MEMPHIS, Tenn. -- WREG has confirmed the Memphis Police Department has cancelled regular days off and vacation days.
The cancellations are directly related to more than 500 sick calls since last Monday. Today, 522 officers were out sick.
Sources told WREG it's mostly patrol officers, but six dispatchers and dozens of investigators have also called out.
Administrators say officers are calling in sick to protest the changes, so they're having to ask the Shelby County Sheriff’s Office for help patrolling streets.
Police Director Toney Armstrong addressed the issue Monday evening.
He said MPD's policy does allow them to require a doctor's note, but they can't call and demand someone come back to work.
What happens if an officer doesn't have a note? Armstrong said they'll look at each case individually to see if officers violated policy, specifically related to the number of occurrences of calling out sick. If they violate policy, they can be suspended or fired.
He explained one continuous period is one occurrence. After three days, the occurrence is considered a long-term absence. Policy says up to six months can count as a single occurrence if the officer has the days, like when suffering from a major illness, and Armstrong can approve six more months.
Armstrong said the department is still able to provide same level of services, and citizens are not at risk. He added they've had to do some things they don't normally do and "It's challenging, but at this point, public safety hasn't been compromised."
Up to 180 officers patrol the city each shift, of which there are four in a day. Armstrong said that number has not been affected, but special units are taking a hit. He's had to pull people from Organized Crime, TACT, and Community Outreach Program and put them on the streets.
Armstrong said they've had to be creative, and even with the changes, there are no gaps within those units.

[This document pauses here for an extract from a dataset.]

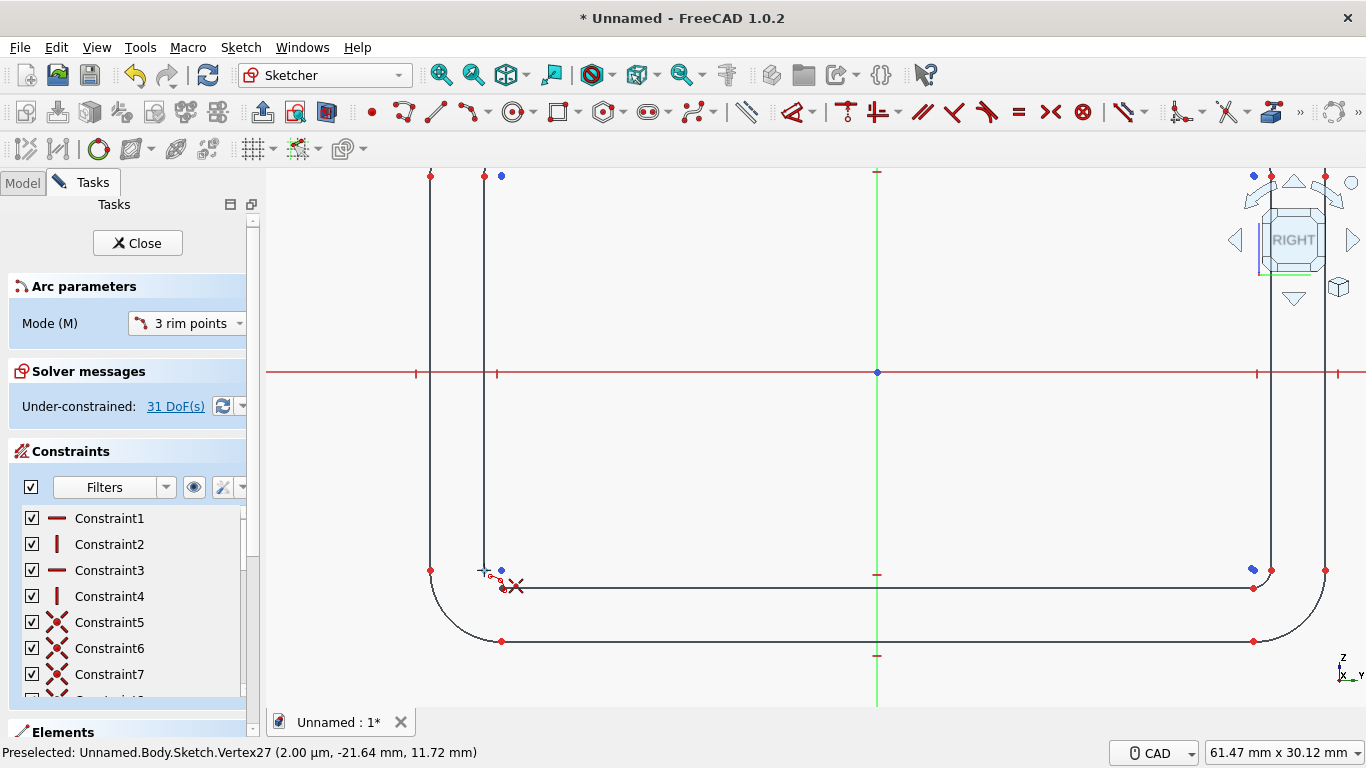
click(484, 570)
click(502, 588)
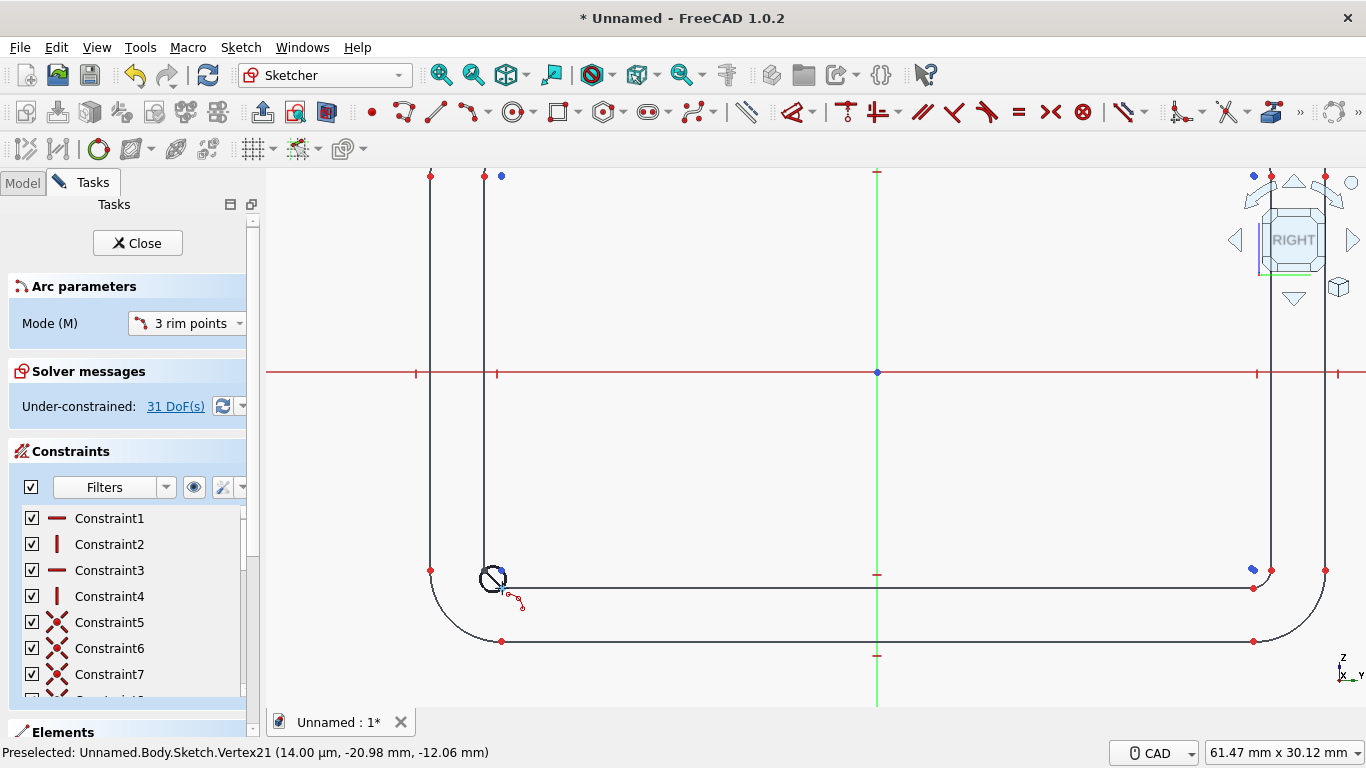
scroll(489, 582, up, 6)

"The officers that are here have demonstrated that they want to be here...their level of dedication shows they're going to be here, regardless," he said.
He said there may be tension between those who went to work and those who called out sick.
"I certainly understand their level of disappointment and their level of hurt, but as I've said in the past, there's a process and we have to respect that," Armstrong said. "We have a certain percentage of our force that has chosen to take another action."
When asked how he might feel if he were a first responder, Armstrong responded, "I'm still a first responder...and I'm still here."
Armstrong said calling what's happening a strike is a legal question, and that this is different from when officers publicly say they're striking.
As for the cancellation of days off and vacation days, Armstrong said it's never their intent to cause financial hardship for our officers, so it's going to take some flexibility. He said they don't want to create a problem, and can honor financial obligations concerning vacations.
Memphis Police Association President Mike Williams said officers feel betrayed by the health care changes.
“You can’t ask a police officer to run into an active shooter situation and get shot and say, ‘We want you to do that, but we’re not going to give you healthcare on the back end.’”
Fifty sheriff’s deputies and reserves assisted police Saturday night, as did 37 Sunday night.
“We are constantly in contact with Director Armstrong and we will continue to do all we can to support in order to keep this community, his officers and our officers safe,” said Shelby County Sheriff Bill Oldham.
The sheriff's department said it is not affecting patrols in the county, because they've called in reserve deputies.
The changes affect all city employees, but police and fire unions have been the most vocal.